Shortly after that, my singer messaged my bassist saying "Well, looks like we need a new drummer...and guitarist." He basically said "Fuck that" and now it's just me and him, the way things started. 

So, we're working on some new ideas, and planning on getting a new band together to do something completely different from our former band. And we've both been listening to some really random stuff (Opeth, Porcupine Tree, Primus, Sigur Ros and Mastadon myself) and plan on doing something really different where nothing's off limits. I'm excited, we just have to stop procrastinating and actually get this thing going.


----------



## AsIAm666 (Feb 4, 2007)

Damn man, that blows. I feel for you though....I've been in that same position too many times in my life...and unfortunately I think I'm starting to get pulled backed into that position again with my current band. Long story.  Good luck man.


----------



## jaredowty (Feb 4, 2007)

That sucks man, but that's good that you're stickin with the bass player. It seems like the people that you start bands with in the first place are always the ones that will stick with you (my bass player and I are like that). Good luck.


----------



## Naren (Feb 4, 2007)

I would say "Hey, man. That sucks." But I actually think you'll be happier this way. So, I guess I'll say, "Glad to hear that! Get that new band up and going and play what you want to!"



eleven59 said:


> Shortly after that, my singer messaged my bassist saying "Well, looks like we need a new drummer...and guitarist." He basically said "Fuck that" and now it's just me and him, the way things started.
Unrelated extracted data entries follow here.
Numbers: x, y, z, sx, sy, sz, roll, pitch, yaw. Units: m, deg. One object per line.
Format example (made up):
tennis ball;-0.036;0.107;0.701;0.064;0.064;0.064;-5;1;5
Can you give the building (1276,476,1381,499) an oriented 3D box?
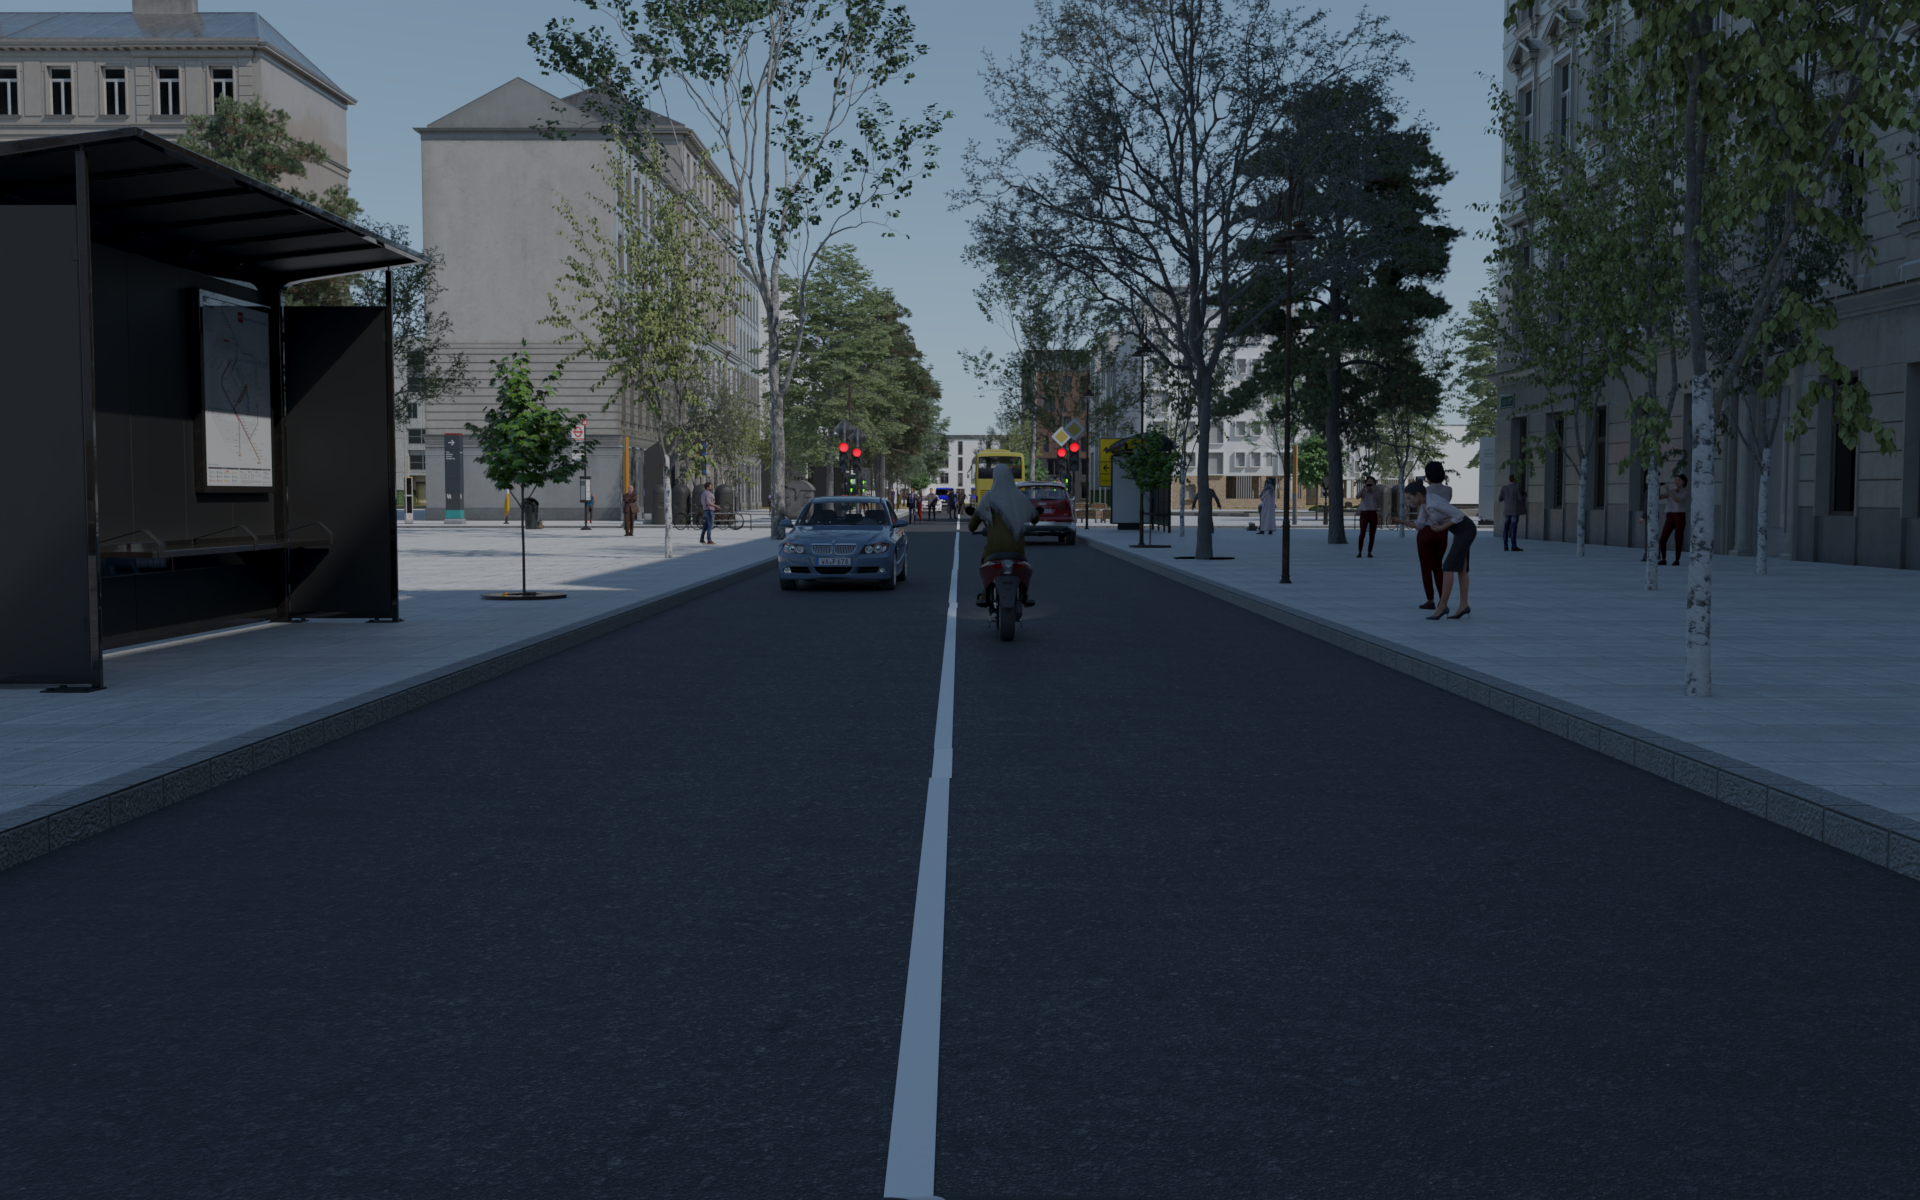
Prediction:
building;55.998;-18.591;246.111;28.070;9.664;9.099;0;3;0

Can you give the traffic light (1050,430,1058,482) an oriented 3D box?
traffic light;4.151;-5.025;71.399;0.839;4.213;0.868;0;3;0

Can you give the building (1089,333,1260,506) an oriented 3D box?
building;24.198;-20.137;195.698;16.747;18.905;31.486;0;3;0

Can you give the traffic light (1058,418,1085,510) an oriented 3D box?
traffic light;4.149;-4.536;63.414;0.839;4.213;0.868;0;3;0

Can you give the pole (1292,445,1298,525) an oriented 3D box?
pole;13.926;-4.779;71.985;0.158;3.312;0.155;0;3;0

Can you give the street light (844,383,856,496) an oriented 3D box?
street light;-4.574;-6.069;72.014;0.468;5.910;1.993;0;3;0

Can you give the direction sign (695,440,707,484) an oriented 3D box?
direction sign;-10.960;-4.968;73.225;0.379;3.537;0.876;2;4;23

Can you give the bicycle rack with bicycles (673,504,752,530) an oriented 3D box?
bicycle rack with bicycles;-8.763;-2.952;61.640;2.925;0.926;2.852;-2;4;-25

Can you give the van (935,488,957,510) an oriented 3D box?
van;-1.377;-9.480;159.380;2.240;2.365;5.245;0;4;1

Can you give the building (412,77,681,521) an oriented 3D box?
building;-20.893;-14.798;91.095;9.793;20.994;18.267;0;3;0

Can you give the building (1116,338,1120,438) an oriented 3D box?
building;23.844;-19.417;173.887;16.016;20.091;11.380;0;3;0

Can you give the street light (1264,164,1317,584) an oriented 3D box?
street light;4.678;-3.175;24.705;0.468;5.910;1.993;0;3;0

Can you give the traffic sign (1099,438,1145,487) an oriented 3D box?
traffic sign;6.139;-4.196;62.484;2.265;3.308;0.079;1;4;9

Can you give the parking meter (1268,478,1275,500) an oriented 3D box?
parking meter;11.507;-3.573;64.135;0.255;1.863;0.399;0;4;0

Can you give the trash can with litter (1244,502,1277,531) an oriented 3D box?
trash can with litter;10.492;-3.004;60.499;1.055;1.170;0.624;-1;4;-11

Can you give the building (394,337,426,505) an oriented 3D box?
building;-55.435;-20.603;203.310;31.486;18.905;16.747;0;3;0

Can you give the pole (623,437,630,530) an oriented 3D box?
pole;-11.865;-4.142;61.562;0.158;3.312;0.155;0;3;0

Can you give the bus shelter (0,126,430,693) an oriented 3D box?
bus shelter;-6.118;-1.403;14.226;1.731;3.624;6.357;0;3;0

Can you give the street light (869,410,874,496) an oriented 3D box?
street light;-4.659;-7.231;91.018;0.468;5.910;1.993;0;3;0

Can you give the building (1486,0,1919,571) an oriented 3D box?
building;23.921;-15.497;29.799;17.030;29.872;44.131;0;3;0

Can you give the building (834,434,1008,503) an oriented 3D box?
building;-4.904;-18.581;245.947;28.070;9.664;9.099;0;3;0

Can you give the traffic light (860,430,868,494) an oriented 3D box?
traffic light;-4.210;-5.024;71.386;0.839;4.213;0.868;0;3;0

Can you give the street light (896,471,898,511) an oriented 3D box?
street light;-4.741;-9.641;130.414;0.468;5.910;1.993;0;3;0

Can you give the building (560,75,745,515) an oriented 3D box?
building;-21.740;-19.322;113.186;12.463;27.353;25.104;0;3;0

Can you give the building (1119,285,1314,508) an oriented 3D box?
building;23.770;-18.722;162.529;16.016;20.091;11.380;0;3;0

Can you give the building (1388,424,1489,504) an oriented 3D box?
building;65.971;-16.246;207.770;28.070;9.664;9.099;0;3;0

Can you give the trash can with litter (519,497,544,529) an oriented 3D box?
trash can with litter;-15.560;-3.158;63.028;0.624;1.170;1.055;0;4;8

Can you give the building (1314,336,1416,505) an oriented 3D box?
building;46.193;-21.281;204.369;11.380;20.091;16.016;0;3;0

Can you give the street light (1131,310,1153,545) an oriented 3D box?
street light;4.600;-4.338;43.709;0.468;5.910;1.993;0;3;0

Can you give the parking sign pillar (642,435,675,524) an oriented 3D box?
parking sign pillar;-12.774;-5.204;73.564;1.447;3.967;1.447;-1;4;-18

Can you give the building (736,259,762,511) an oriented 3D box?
building;-21.235;-17.487;135.060;9.793;20.994;18.267;0;3;0

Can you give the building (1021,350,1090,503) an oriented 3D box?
building;25.643;-25.169;255.487;32.646;21.610;27.936;0;3;0

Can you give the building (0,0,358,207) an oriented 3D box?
building;-44.963;-17.758;87.604;25.104;27.353;12.463;0;3;0

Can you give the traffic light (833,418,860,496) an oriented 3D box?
traffic light;-4.212;-4.536;63.400;0.839;4.213;0.868;0;3;0

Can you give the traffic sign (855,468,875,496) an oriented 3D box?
traffic sign;-7.094;-8.663;135.517;2.265;3.308;0.079;0;4;7

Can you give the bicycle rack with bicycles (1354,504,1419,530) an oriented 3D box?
bicycle rack with bicycles;15.296;-3.003;62.489;2.925;0.926;2.852;-3;5;-43

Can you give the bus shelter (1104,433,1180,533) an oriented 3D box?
bus shelter;6.163;-3.995;59.248;2.014;3.302;5.546;0;3;0

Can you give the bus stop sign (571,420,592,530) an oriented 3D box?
bus stop sign;-13.446;-4.447;61.418;0.416;3.939;0.855;2;4;32

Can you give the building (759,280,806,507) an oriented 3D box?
building;-29.917;-19.513;163.009;27.936;21.610;32.646;0;3;0

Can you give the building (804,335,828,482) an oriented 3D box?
building;-21.485;-21.239;203.684;11.380;20.091;16.016;0;3;0

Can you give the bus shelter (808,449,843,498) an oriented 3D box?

What's up with that? Geeez.


----------



## mefrommiddleearth (Feb 4, 2007)

that sucks but by the sound of things your bassist is a good dude that you get along with and has a similar way of thinking so this could just be a fiery start to a very beutiful thing


----------



## LilithXShred (Feb 4, 2007)

Take this as a great opportunity. Ok your old band split up, that really sucks but i found that sometimes splitting up is the best thing that can happen to a band. It might take a lot of time to find new musicians but it'll be worth it. Take your time and find some badass members, at the same time try to improve your skills, find new influences and practice (there is always new stuff to discover  ).

Good luck and keep the faith


----------



## garcia3441 (Feb 4, 2007)

eleven59 said:


> Our singer was causing more problems, and getting worse as time went on.
> 
> My singer wanted something gothier where she didn't have to worry about making the music sound good so she could stand on stage and have people look at her.
> 
> ...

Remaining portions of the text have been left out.